(PROBLEM DESCRIPTION): Could you please transcribe the data exactly, without the pictures?

Items listed in a dataset:
*** Begin section ***

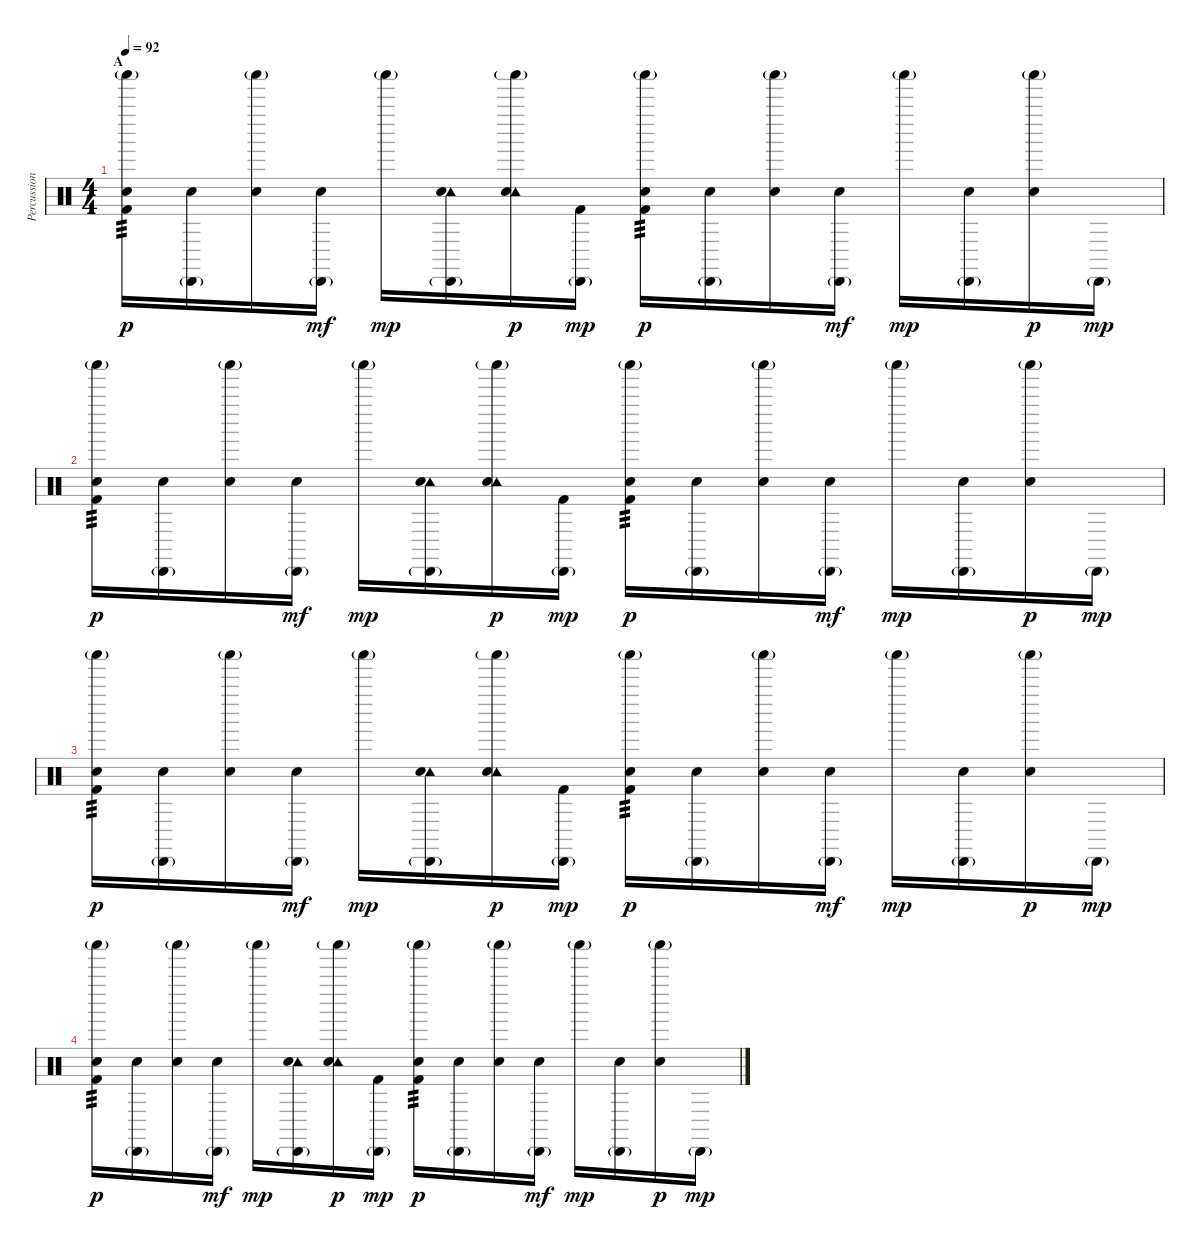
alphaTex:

\track ("Percussion2" "Percussion") {instrument percussion}
\staff {score}
\articulation defaults
\ts (4 4)
\section ("" "A")
\tempo 92
\clef neutral
\ks c
("Shaker (hit)"{g} "Snare (hit) 2" "Kick (hit) 2").16{tp 3 dy p} ("Cabasa (hit)"{g} "Snare (hit) 2").16 ("Shaker (hit)"{g} "Snare (hit) 2").16 ("Cabasa (hit)"{g} "Snare (hit) 2").16{dy mf} "Shaker (hit)"{g}.16{dy mp} ("Cabasa (hit)"{g} "Tambourine (hit)" "Snare (hit) 2").16 ("Shaker (hit)"{g} "Tambourine (hit)" "Snare (hit) 2").16{dy p} ("Cabasa (hit)"{g} "Kick (hit) 2").16{dy mp} ("Shaker (hit)"{g} "Snare (hit) 2" "Kick (hit) 2").16{tp 3 dy p} ("Cabasa (hit)"{g} "Snare (hit) 2").16 ("Shaker (hit)"{g} "Snare (hit) 2").16 ("Cabasa (hit)"{g} "Snare (hit) 2").16{dy mf} "Shaker (hit)"{g}.16{dy mp} ("Cabasa (hit)"{g} "Snare (hit) 2").16 ("Shaker (hit)"{g} "Snare (hit) 2").16{dy p} "Cabasa (hit)"{g}.16{dy mp} |
("Shaker (hit)"{g} "Snare (hit) 2" "Kick (hit) 2").16{tp 3 dy p} ("Cabasa (hit)"{g} "Snare (hit) 2").16 ("Shaker (hit)"{g} "Snare (hit) 2").16 ("Cabasa (hit)"{g} "Snare (hit) 2").16{dy mf} "Shaker (hit)"{g}.16{dy mp} ("Cabasa (hit)"{g} "Tambourine (hit)" "Snare (hit) 2").16 ("Shaker (hit)"{g} "Tambourine (hit)" "Snare (hit) 2").16{dy p} ("Cabasa (hit)"{g} "Kick (hit) 2").16{dy mp} ("Shaker (hit)"{g} "Snare (hit) 2" "Kick (hit) 2").16{tp 3 dy p} ("Cabasa (hit)"{g} "Snare (hit) 2").16 ("Shaker (hit)"{g} "Snare (hit) 2").16 ("Cabasa (hit)"{g} "Snare (hit) 2").16{dy mf} "Shaker (hit)"{g}.16{dy mp} ("Cabasa (hit)"{g} "Snare (hit) 2").16 ("Shaker (hit)"{g} "Snare (hit) 2").16{dy p} "Cabasa (hit)"{g}.16{dy mp} |
("Shaker (hit)"{g} "Snare (hit) 2" "Kick (hit) 2").16{tp 3 dy p} ("Cabasa (hit)"{g} "Snare (hit) 2").16 ("Shaker (hit)"{g} "Snare (hit) 2").16 ("Cabasa (hit)"{g} "Snare (hit) 2").16{dy mf} "Shaker (hit)"{g}.16{dy mp} ("Cabasa (hit)"{g} "Tambourine (hit)" "Snare (hit) 2").16 ("Shaker (hit)"{g} "Tambourine (hit)" "Snare (hit) 2").16{dy p} ("Cabasa (hit)"{g} "Kick (hit) 2").16{dy mp} ("Shaker (hit)"{g} "Snare (hit) 2" "Kick (hit) 2").16{tp 3 dy p} ("Cabasa (hit)"{g} "Snare (hit) 2").16 ("Shaker (hit)"{g} "Snare (hit) 2").16 ("Cabasa (hit)"{g} "Snare (hit) 2").16{dy mf} "Shaker (hit)"{g}.16{dy mp} ("Cabasa (hit)"{g} "Snare (hit) 2").16 ("Shaker (hit)"{g} "Snare (hit) 2").16{dy p} "Cabasa (hit)"{g}.16{dy mp} |
("Shaker (hit)"{g} "Snare (hit) 2" "Kick (hit) 2").16{tp 3 dy p} ("Cabasa (hit)"{g} "Snare (hit) 2").16 ("Shaker (hit)"{g} "Snare (hit) 2").16 ("Cabasa (hit)"{g} "Snare (hit) 2").16{dy mf} "Shaker (hit)"{g}.16{dy mp} ("Cabasa (hit)"{g} "Tambourine (hit)" "Snare (hit) 2").16 ("Shaker (hit)"{g} "Tambourine (hit)" "Snare (hit) 2").16{dy p} ("Cabasa (hit)"{g} "Kick (hit) 2").16{dy mp} ("Shaker (hit)"{g} "Snare (hit) 2" "Kick (hit) 2").16{tp 3 dy p} ("Cabasa (hit)"{g} "Snare (hit) 2").16 ("Shaker (hit)"{g} "Snare (hit) 2").16 ("Cabasa (hit)"{g} "Snare (hit) 2").16{dy mf} "Shaker (hit)"{g}.16{dy mp} ("Cabasa (hit)"{g} "Snare (hit) 2").16 ("Shaker (hit)"{g} "Snare (hit) 2").16{dy p} "Cabasa (hit)"{g}.16{dy mp}

*** End section ***

(ANSWER SECTION):
alphaTex:

\track ("Percussion2" "Percussion") {instrument percussion}
\staff {score}
\articulation defaults
\ts (4 4)
\section ("" "A")
\tempo 92
\clef neutral
\ks c
("Shaker (hit)"{g} "Snare (hit) 2" "Kick (hit) 2").16{tp 3 dy p} ("Cabasa (hit)"{g} "Snare (hit) 2").16 ("Shaker (hit)"{g} "Snare (hit) 2").16 ("Cabasa (hit)"{g} "Snare (hit) 2").16{dy mf} "Shaker (hit)"{g}.16{dy mp} ("Cabasa (hit)"{g} "Tambourine (hit)" "Snare (hit) 2").16 ("Shaker (hit)"{g} "Tambourine (hit)" "Snare (hit) 2").16{dy p} ("Cabasa (hit)"{g} "Kick (hit) 2").16{dy mp} ("Shaker (hit)"{g} "Snare (hit) 2" "Kick (hit) 2").16{tp 3 dy p} ("Cabasa (hit)"{g} "Snare (hit) 2").16 ("Shaker (hit)"{g} "Snare (hit) 2").16 ("Cabasa (hit)"{g} "Snare (hit) 2").16{dy mf} "Shaker (hit)"{g}.16{dy mp} ("Cabasa (hit)"{g} "Snare (hit) 2").16 ("Shaker (hit)"{g} "Snare (hit) 2").16{dy p} "Cabasa (hit)"{g}.16{dy mp} |
("Shaker (hit)"{g} "Snare (hit) 2" "Kick (hit) 2").16{tp 3 dy p} ("Cabasa (hit)"{g} "Snare (hit) 2").16 ("Shaker (hit)"{g} "Snare (hit) 2").16 ("Cabasa (hit)"{g} "Snare (hit) 2").16{dy mf} "Shaker (hit)"{g}.16{dy mp} ("Cabasa (hit)"{g} "Tambourine (hit)" "Snare (hit) 2").16 ("Shaker (hit)"{g} "Tambourine (hit)" "Snare (hit) 2").16{dy p} ("Cabasa (hit)"{g} "Kick (hit) 2").16{dy mp} ("Shaker (hit)"{g} "Snare (hit) 2" "Kick (hit) 2").16{tp 3 dy p} ("Cabasa (hit)"{g} "Snare (hit) 2").16 ("Shaker (hit)"{g} "Snare (hit) 2").16 ("Cabasa (hit)"{g} "Snare (hit) 2").16{dy mf} "Shaker (hit)"{g}.16{dy mp} ("Cabasa (hit)"{g} "Snare (hit) 2").16 ("Shaker (hit)"{g} "Snare (hit) 2").16{dy p} "Cabasa (hit)"{g}.16{dy mp} |
("Shaker (hit)"{g} "Snare (hit) 2" "Kick (hit) 2").16{tp 3 dy p} ("Cabasa (hit)"{g} "Snare (hit) 2").16 ("Shaker (hit)"{g} "Snare (hit) 2").16 ("Cabasa (hit)"{g} "Snare (hit) 2").16{dy mf} "Shaker (hit)"{g}.16{dy mp} ("Cabasa (hit)"{g} "Tambourine (hit)" "Snare (hit) 2").16 ("Shaker (hit)"{g} "Tambourine (hit)" "Snare (hit) 2").16{dy p} ("Cabasa (hit)"{g} "Kick (hit) 2").16{dy mp} ("Shaker (hit)"{g} "Snare (hit) 2" "Kick (hit) 2").16{tp 3 dy p} ("Cabasa (hit)"{g} "Snare (hit) 2").16 ("Shaker (hit)"{g} "Snare (hit) 2").16 ("Cabasa (hit)"{g} "Snare (hit) 2").16{dy mf} "Shaker (hit)"{g}.16{dy mp} ("Cabasa (hit)"{g} "Snare (hit) 2").16 ("Shaker (hit)"{g} "Snare (hit) 2").16{dy p} "Cabasa (hit)"{g}.16{dy mp} |
("Shaker (hit)"{g} "Snare (hit) 2" "Kick (hit) 2").16{tp 3 dy p} ("Cabasa (hit)"{g} "Snare (hit) 2").16 ("Shaker (hit)"{g} "Snare (hit) 2").16 ("Cabasa (hit)"{g} "Snare (hit) 2").16{dy mf} "Shaker (hit)"{g}.16{dy mp} ("Cabasa (hit)"{g} "Tambourine (hit)" "Snare (hit) 2").16 ("Shaker (hit)"{g} "Tambourine (hit)" "Snare (hit) 2").16{dy p} ("Cabasa (hit)"{g} "Kick (hit) 2").16{dy mp} ("Shaker (hit)"{g} "Snare (hit) 2" "Kick (hit) 2").16{tp 3 dy p} ("Cabasa (hit)"{g} "Snare (hit) 2").16 ("Shaker (hit)"{g} "Snare (hit) 2").16 ("Cabasa (hit)"{g} "Snare (hit) 2").16{dy mf} "Shaker (hit)"{g}.16{dy mp} ("Cabasa (hit)"{g} "Snare (hit) 2").16 ("Shaker (hit)"{g} "Snare (hit) 2").16{dy p} "Cabasa (hit)"{g}.16{dy mp}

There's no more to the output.